Ich habe mir vorher lange Gedanken gemacht, ob meine Anfrage bei Mike so in Ordnung ist. Schließlich ist er ein kompetenter Reporter, der über die Seattle Seahawks berichtet und deshalb gerade zu sportlichen Themen ein idealer Gesprächspartner wäre. Aber Mike ist auch ein Schwarzer Journalist, der auf dem Weg in die Medienbranche viele Hindernisse überwinden musste. Ich bin froh, dass er sich bereit erklärt hat, mit mir über ein schwieriges Thema zu sprechen, also eine “Uncomfortable Conversation” zu führen.
Wir haben das Interview in der frühen Phase der Free Agency geführt. Die starke Geschichte zu den Wilson-Carroll-Differenzen, an der Mike mitgearbeitet hatte, war zu diesem Zeitpunkt immer noch der Status Quo (den viele andere Outlets ausschlachten wollten, ohne Neues zu verbreiten). Mein Gesprächspartner war deshalb ganz froh, nicht über Russell Wilson sprechen zu müssen.
Wenn ihr Teil 1 bereits gelesen habt, könnt ihr für Teil 2 nun bis zur nächsten horizontalen Linie scrollen.
Mike, ich möchte unser Gespräch beginnen mit einem Tweet der NFL-Network-Reporterin Jane Slater. Vor einigen Wochen schrieb sie von einem aufregenden Praktikum, das sie vermitteln könne. Unbezahlt, aber eben eine gute Erfahrung. Die Intention dahinter war vermutlich gut. Warum war der Tweet dennoch problematisch?

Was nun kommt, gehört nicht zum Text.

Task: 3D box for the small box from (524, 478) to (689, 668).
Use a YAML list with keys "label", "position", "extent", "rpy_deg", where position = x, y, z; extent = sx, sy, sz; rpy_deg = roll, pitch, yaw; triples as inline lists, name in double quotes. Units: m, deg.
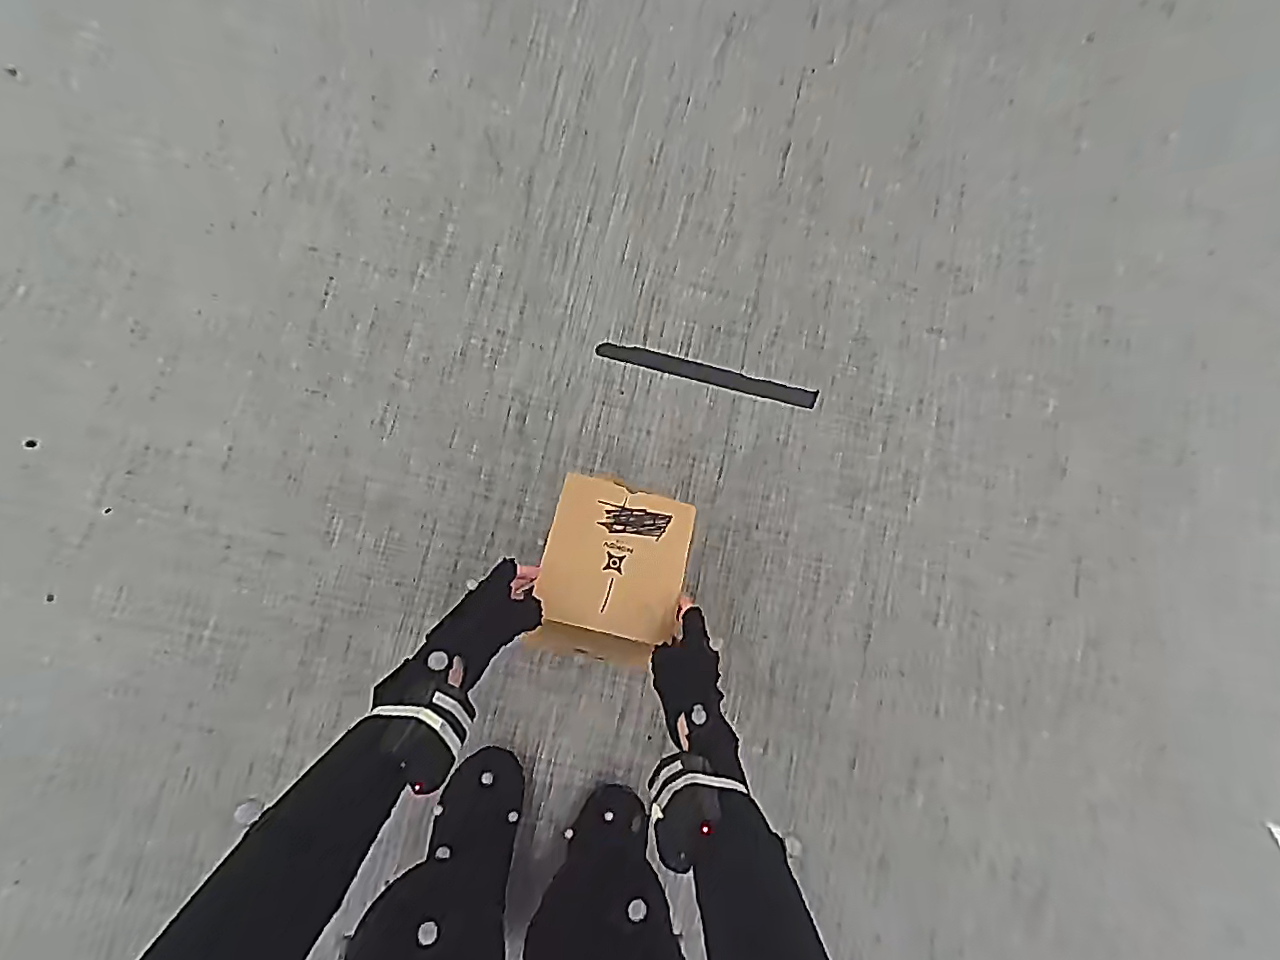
- label: "small box"
  position: [-0.049, 0.127, 0.698]
  extent: [0.168, 0.176, 0.179]
  rpy_deg: [16, 61, -5]
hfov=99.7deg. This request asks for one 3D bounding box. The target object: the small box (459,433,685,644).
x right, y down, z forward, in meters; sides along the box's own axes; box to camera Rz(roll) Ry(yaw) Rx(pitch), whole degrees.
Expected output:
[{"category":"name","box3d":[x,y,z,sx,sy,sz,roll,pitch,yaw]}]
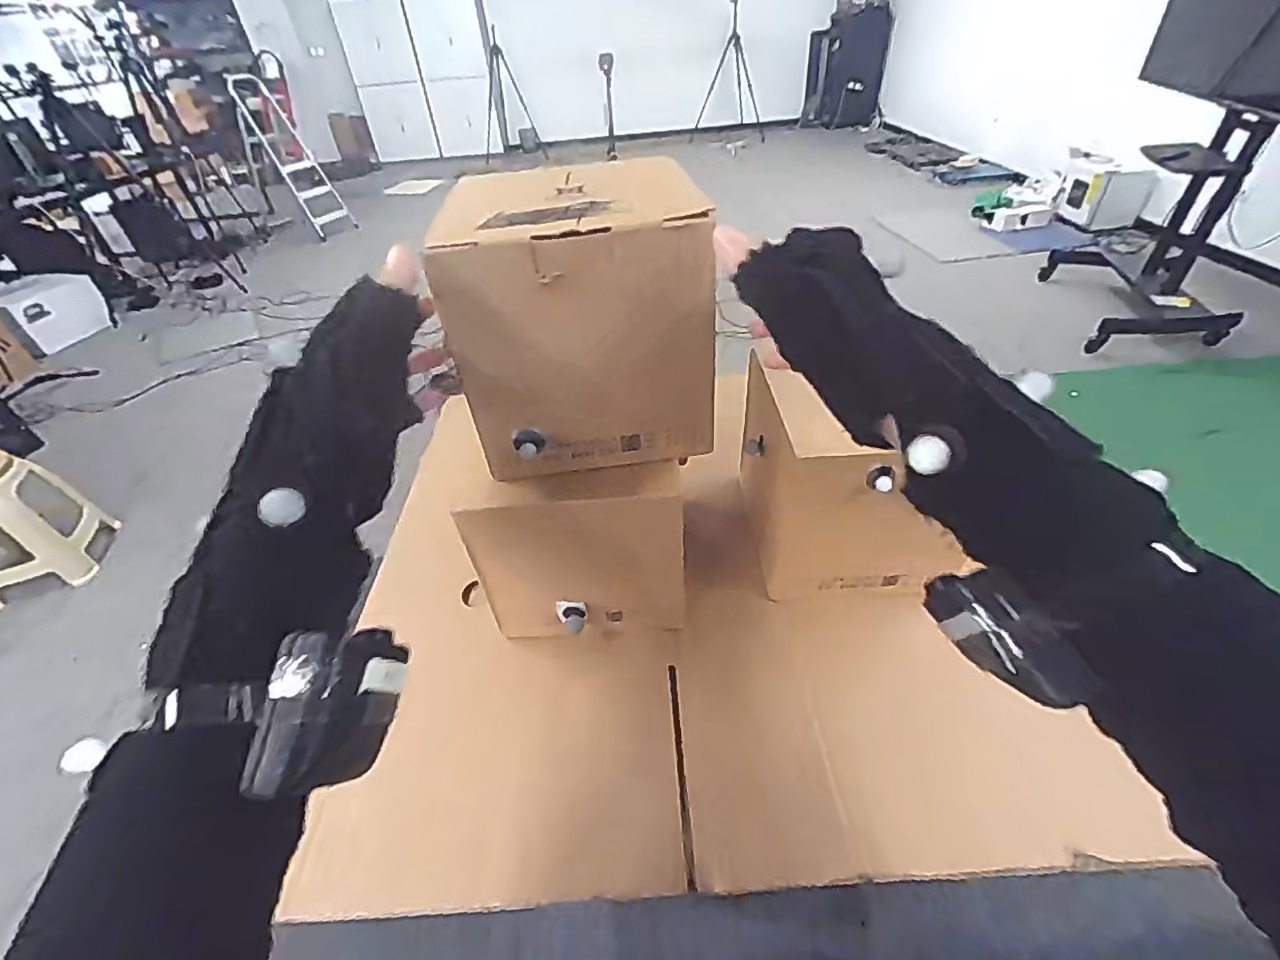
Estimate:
[{"category":"small box","box3d":[-0.048,0.027,0.502,0.168,0.176,0.179,-5,42,1]}]

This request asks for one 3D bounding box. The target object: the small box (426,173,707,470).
[{"category":"small box","box3d":[-0.042,-0.120,0.421,0.168,0.176,0.179,-7,39,-2]}]

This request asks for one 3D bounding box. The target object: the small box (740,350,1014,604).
[{"category":"small box","box3d":[0.191,-0.006,0.506,0.168,0.176,0.179,-3,39,1]}]
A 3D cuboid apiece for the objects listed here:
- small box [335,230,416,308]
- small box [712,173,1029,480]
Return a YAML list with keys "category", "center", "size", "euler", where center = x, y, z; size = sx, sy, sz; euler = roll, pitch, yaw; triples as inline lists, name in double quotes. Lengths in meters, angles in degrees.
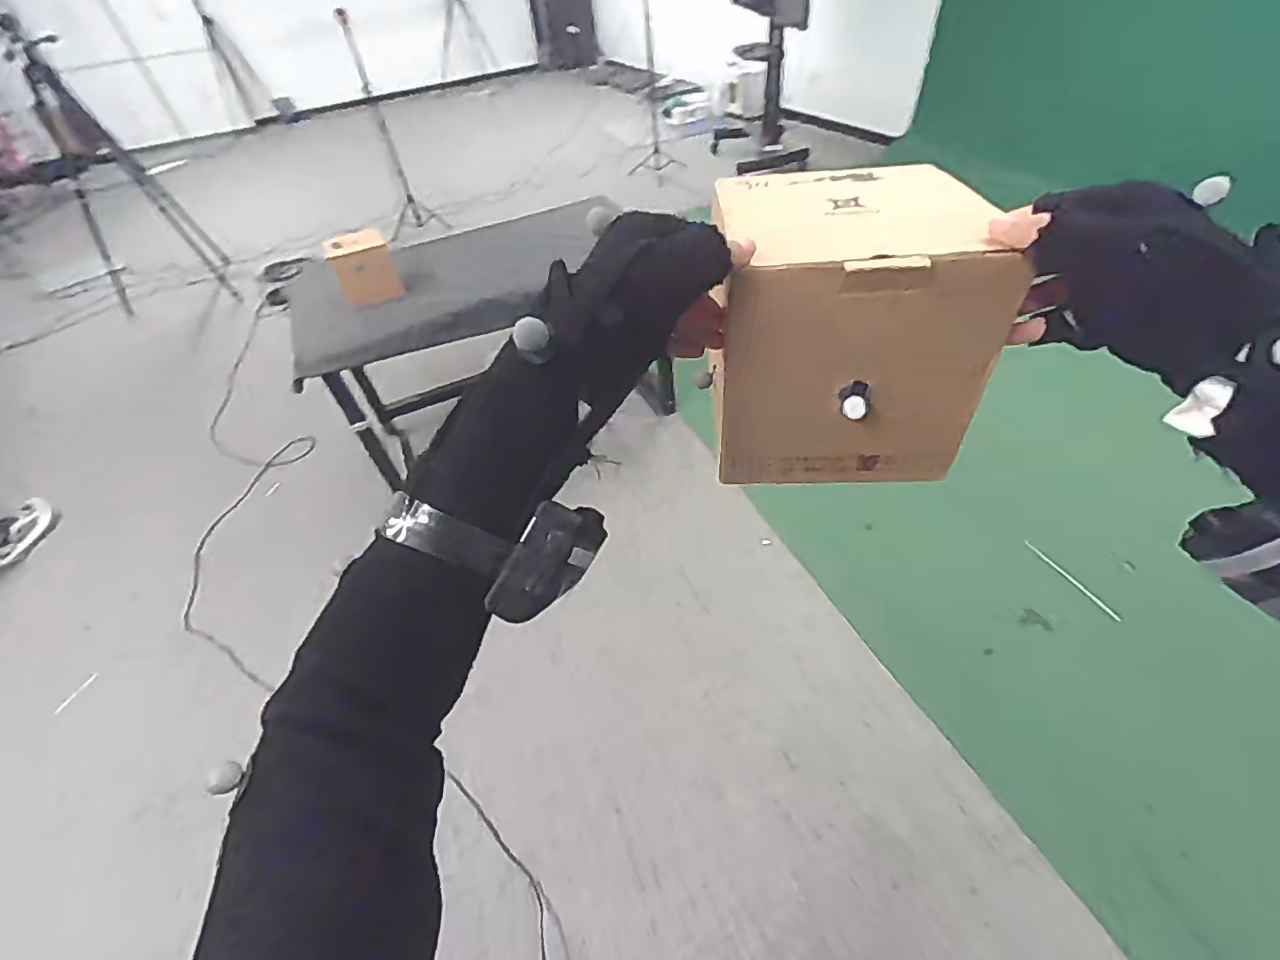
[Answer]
- category: "small box"
  center: [-0.843, -0.672, 1.727]
  size: [0.179, 0.176, 0.168]
  euler: [-22, 47, -15]
- category: "small box"
  center: [0.141, -0.112, 0.412]
  size: [0.168, 0.176, 0.179]
  euler: [-1, 43, 4]
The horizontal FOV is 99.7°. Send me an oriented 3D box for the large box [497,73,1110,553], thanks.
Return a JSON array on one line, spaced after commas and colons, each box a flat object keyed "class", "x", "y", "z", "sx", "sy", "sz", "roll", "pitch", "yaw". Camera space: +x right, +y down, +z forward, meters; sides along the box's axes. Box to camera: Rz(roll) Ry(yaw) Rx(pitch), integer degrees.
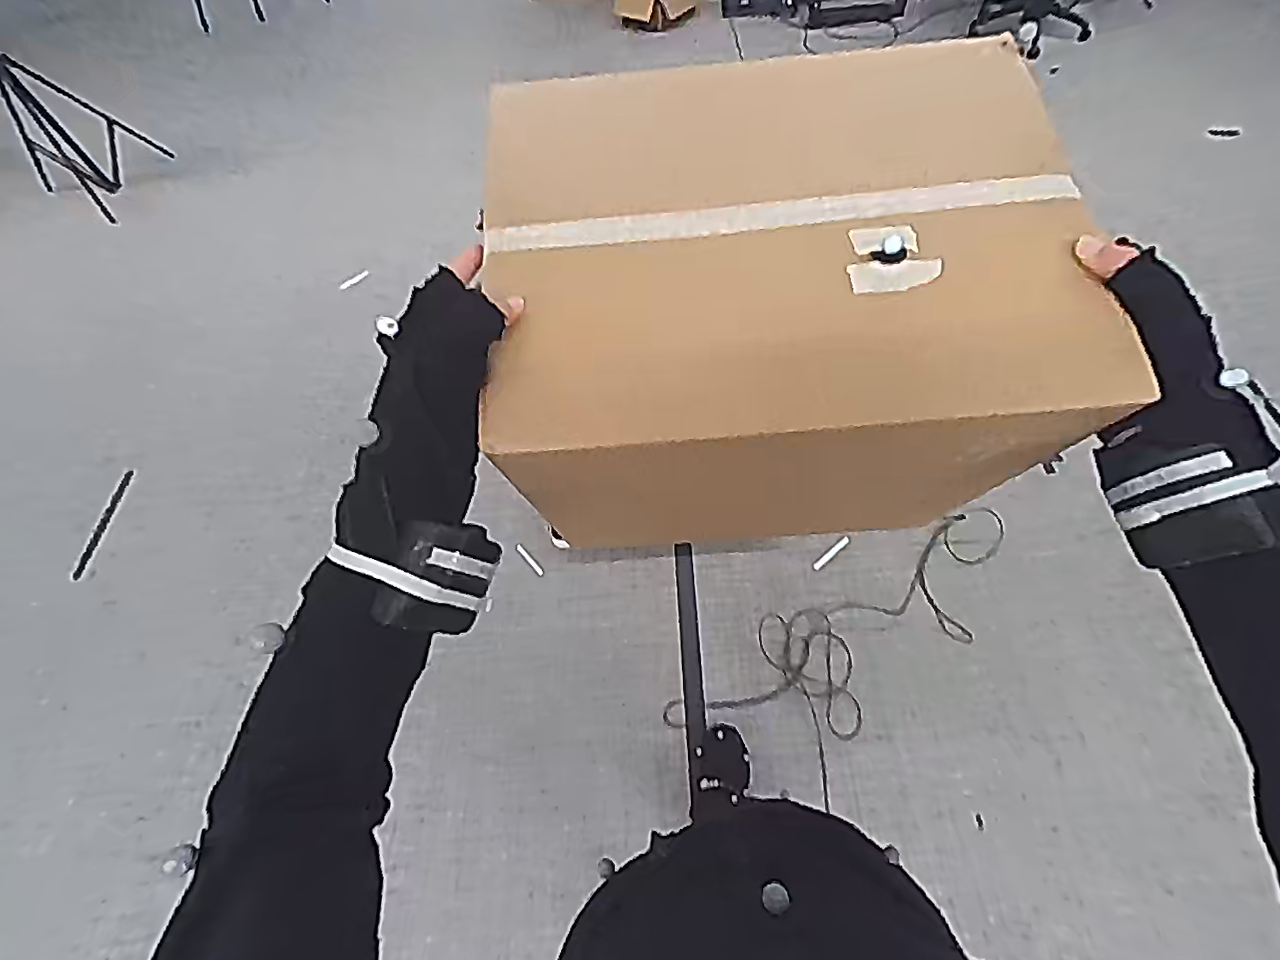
[{"class": "large box", "x": 0.098, "y": -0.124, "z": 0.537, "sx": 0.408, "sy": 0.320, "sz": 0.320, "roll": -5, "pitch": 71, "yaw": 2}]
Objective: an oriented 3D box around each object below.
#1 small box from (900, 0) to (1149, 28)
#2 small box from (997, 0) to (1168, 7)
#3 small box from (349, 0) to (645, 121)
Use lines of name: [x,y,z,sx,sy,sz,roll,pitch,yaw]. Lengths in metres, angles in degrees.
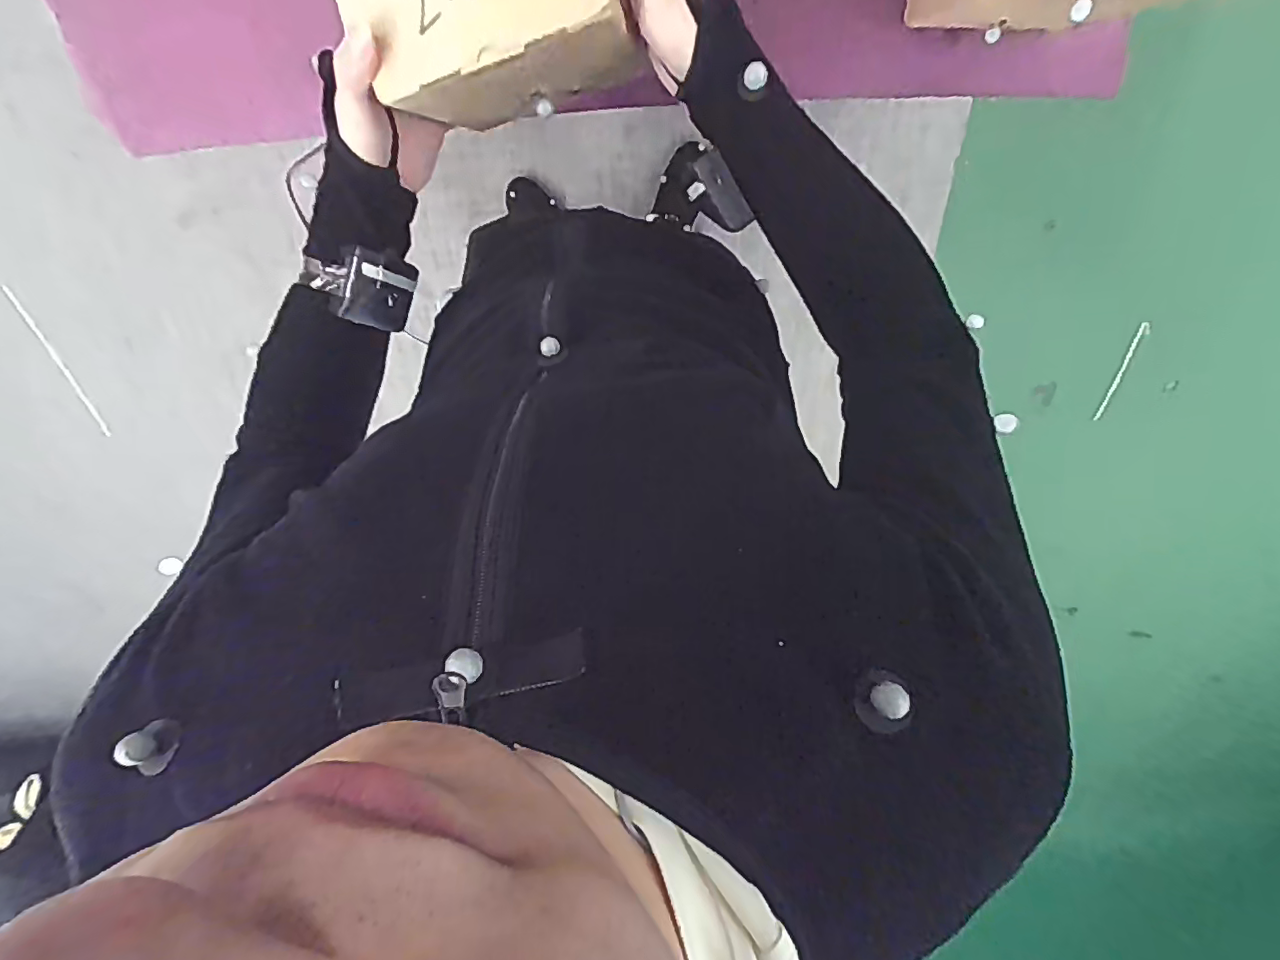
small box: [0.380,-0.541,0.503,0.179,0.176,0.168,0,123,-1]
small box: [0.382,-0.453,0.366,0.168,0.176,0.179,2,124,1]
small box: [-0.101,-0.381,0.374,0.168,0.176,0.179,-10,115,13]

Gratis arbeiten ist schlecht. Wenn du es vermeiden kannst, solltest du das. Leute, die sich unbezahlte Praktika leisten können, haben meist Privilegien, ob das sich nun auf ihre Hautfarbe oder Schicht bezieht. In der Regel können weiße Menschen es sich leisten, auf Einkommen zu verzichten, beispielsweise, weil sie von ihrer Familie unterstützt werden. Das erkennt man, wenn man sich das Wohlstandsgefälle in den USA ansieht. Somit schließen unbezahlte Praktika marginalisierte Gruppen aus – speziell im extrem weißen, männlichen, christlichen und heterosexuellen Berufsfeld Journalismus –, die es sich nicht leisten können, für lau zu arbeiten, weil sie etwas essen wollen und Rechnungen bezahlen müssen. Mein Problem mit dem Tweet bezieht sich also nicht auf das von Jane angebotene Praktikum. Ich weiß nicht einmal, um was es dabei genau ging…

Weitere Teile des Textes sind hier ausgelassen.